Bush Sr. sat as VP for a very quiet 8 years before running against, and defeating Michael Dukakis in the 1988 presidential election. He sat for one term and then came the Clinton years with Bush Sr. fading into everyone’s distant memories.  I remember when “W” ran for president. The consensus was that he was a conservative, which “naturally” meant he was a fiscal conservative. What people had already forgotten was what daddy originally stood for during the Reagan years. Like father, like son. Just like Clinton was a liberal in moderate clothing, “W” has been a fiscal liberal in conservative clothing and much more fiscally liberal than daddy ever was. Many people would choose to argue that point, but those people are wrong. There is nothing conservative or small government about the Patriot Act, insane war spending (a war which I fully support) or government bailouts to public corporations. There is NOTHING conservative about government owning a piece of a corporation and it took both a republican president and a democratic body of government to secure that situation. Now the entire nation is somehow surprised that banks are sitting on the money instead of injecting it into the economy. Again, the result of not fully understanding what one is hoping for. Bush didn’t start all of it, but he certainly didn’t do anything to prevent it.

 

I’ve heard several people talk about how they were fooled twice and they won’t be fooled a 3rd time. George W. Bush didn’t fool you; you got exactly what you voted for. You just didn’t understand that aspect of what your vote was buying. But the notion that voting for someone even MORE fiscally liberal than George W. Bush going to somehow fix things, is the same naive trap that has you grasping question marks over Bush Jr’s economic policies. And don’t get me wrong, I don’t particularly like McCain’s economic policies. I just dislike them less than Obama’s. I guess my point in writing this, is that I, for the life of me, can’t figure out why one that chooses to vote for Obama is doing it because they are under the assumption that the economic policies of someone who is supposedly more liberal than the majority of the Democratic Party are magically more fiscally conservative than George W. Bush’s. There is this disconnect in the brains of many, many people that I know that prevents them from being able to realize and accept that we have a republican president that has very liberal economic policies.

 

Everyone is screaming for change. That’s great. But Bush isn’t running for president again. Either candidate will bring change and mark my words, neither candidate is fiscally conservative. Neither candidate has the tools or desire to do anything other than expand government. And the laws of economics do not allow you to expand while spending less. Government just expanded again.
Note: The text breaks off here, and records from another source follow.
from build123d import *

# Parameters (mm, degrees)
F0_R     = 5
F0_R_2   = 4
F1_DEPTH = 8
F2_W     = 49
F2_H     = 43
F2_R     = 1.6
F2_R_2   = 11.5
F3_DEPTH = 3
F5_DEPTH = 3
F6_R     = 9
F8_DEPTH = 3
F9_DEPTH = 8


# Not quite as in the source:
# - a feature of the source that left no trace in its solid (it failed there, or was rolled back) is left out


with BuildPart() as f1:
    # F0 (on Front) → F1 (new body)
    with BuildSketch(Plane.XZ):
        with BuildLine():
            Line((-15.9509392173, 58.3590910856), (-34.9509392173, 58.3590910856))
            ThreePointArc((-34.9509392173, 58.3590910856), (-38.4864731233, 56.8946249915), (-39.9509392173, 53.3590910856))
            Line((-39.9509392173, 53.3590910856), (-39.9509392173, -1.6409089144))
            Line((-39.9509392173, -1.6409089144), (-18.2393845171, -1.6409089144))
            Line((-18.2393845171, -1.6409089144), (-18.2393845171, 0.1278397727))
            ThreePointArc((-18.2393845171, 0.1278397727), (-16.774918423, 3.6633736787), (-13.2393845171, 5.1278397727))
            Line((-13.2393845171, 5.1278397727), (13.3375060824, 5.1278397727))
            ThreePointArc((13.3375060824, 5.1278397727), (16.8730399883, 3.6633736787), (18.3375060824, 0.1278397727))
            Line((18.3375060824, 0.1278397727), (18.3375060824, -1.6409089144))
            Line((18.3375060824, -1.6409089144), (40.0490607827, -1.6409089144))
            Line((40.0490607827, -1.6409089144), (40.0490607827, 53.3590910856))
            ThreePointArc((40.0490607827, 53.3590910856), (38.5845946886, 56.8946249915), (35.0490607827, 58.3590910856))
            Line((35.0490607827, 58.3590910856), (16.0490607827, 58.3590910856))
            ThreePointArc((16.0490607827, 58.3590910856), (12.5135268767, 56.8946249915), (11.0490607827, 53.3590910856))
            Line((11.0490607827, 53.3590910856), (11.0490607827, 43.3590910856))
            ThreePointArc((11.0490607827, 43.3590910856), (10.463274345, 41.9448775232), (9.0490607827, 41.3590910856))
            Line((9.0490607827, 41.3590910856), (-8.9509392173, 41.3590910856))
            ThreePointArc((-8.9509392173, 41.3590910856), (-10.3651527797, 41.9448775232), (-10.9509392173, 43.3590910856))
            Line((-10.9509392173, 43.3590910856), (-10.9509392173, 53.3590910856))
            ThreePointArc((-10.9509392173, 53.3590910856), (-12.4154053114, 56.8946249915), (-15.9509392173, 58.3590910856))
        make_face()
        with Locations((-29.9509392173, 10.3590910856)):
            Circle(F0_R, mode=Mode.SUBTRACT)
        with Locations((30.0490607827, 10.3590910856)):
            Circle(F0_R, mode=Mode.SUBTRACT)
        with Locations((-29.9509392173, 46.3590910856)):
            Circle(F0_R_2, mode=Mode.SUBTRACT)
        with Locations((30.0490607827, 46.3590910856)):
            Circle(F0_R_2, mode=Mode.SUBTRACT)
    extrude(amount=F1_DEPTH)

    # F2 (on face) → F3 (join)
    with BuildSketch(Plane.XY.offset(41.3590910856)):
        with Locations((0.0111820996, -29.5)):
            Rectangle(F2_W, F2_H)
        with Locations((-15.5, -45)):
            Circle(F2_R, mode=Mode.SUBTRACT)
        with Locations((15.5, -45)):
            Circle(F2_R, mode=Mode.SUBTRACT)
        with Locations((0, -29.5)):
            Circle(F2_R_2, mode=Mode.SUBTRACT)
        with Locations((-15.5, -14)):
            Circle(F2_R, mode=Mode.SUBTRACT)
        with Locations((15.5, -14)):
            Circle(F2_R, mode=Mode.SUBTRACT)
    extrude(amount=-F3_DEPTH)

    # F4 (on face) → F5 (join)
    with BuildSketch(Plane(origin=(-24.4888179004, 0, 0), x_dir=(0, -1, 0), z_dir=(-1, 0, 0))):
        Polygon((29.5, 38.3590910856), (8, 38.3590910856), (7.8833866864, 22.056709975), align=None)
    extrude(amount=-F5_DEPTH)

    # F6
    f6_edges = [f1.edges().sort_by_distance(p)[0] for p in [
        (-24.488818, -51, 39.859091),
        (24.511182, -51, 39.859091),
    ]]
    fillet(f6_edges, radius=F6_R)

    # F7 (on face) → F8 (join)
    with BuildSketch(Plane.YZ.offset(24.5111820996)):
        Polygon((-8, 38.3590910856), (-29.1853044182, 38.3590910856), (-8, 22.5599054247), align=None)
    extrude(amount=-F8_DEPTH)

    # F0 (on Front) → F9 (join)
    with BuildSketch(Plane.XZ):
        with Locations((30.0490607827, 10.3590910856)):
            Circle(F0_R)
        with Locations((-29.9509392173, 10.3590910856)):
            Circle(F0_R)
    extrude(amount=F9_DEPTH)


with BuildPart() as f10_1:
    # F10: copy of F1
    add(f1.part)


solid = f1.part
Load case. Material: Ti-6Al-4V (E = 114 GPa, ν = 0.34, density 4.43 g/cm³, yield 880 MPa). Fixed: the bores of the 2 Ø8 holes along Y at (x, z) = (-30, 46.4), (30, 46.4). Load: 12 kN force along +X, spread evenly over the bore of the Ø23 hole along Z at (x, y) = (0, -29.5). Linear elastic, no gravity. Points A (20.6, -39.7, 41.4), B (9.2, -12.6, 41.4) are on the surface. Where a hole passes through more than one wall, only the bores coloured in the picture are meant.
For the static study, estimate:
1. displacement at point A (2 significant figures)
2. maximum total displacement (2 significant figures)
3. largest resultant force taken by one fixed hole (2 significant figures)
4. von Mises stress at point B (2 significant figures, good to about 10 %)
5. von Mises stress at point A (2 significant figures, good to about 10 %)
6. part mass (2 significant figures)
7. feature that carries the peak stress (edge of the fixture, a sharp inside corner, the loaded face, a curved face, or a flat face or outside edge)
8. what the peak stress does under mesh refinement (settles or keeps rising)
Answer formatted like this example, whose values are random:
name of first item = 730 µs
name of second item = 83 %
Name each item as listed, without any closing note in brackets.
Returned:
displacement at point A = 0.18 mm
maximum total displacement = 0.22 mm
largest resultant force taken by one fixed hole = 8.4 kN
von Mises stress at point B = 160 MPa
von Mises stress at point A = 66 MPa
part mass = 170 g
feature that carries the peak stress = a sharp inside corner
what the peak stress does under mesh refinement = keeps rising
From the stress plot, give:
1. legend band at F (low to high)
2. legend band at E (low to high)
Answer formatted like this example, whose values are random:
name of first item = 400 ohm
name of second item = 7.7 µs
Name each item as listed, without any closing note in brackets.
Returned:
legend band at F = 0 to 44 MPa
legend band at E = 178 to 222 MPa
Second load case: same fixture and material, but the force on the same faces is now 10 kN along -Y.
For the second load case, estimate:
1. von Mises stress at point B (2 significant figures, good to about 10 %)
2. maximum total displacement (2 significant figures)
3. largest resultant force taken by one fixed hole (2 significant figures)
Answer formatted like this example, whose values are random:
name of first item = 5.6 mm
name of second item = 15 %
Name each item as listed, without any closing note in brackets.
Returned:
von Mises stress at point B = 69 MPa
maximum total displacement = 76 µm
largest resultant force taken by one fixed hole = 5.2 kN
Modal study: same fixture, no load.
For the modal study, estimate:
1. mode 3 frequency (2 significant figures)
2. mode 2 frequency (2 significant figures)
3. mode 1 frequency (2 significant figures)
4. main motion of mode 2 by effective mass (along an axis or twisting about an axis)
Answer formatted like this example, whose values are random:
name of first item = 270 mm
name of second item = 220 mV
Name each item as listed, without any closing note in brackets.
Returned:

It expanded into the private sector and that should scare the living daylights out of EVERYONE regardless of any retarded political affiliation. As you vote this time around all I can say is know what you are voting for and ask yourself, “What’s the first thing I should do when I find that I’ve dug myself into a hole?” The experts say:

1) Stop digging.
2) Don’t panic.
3) Climb out.
4) Learn not to stand in the same hole that you’re digging you dummy.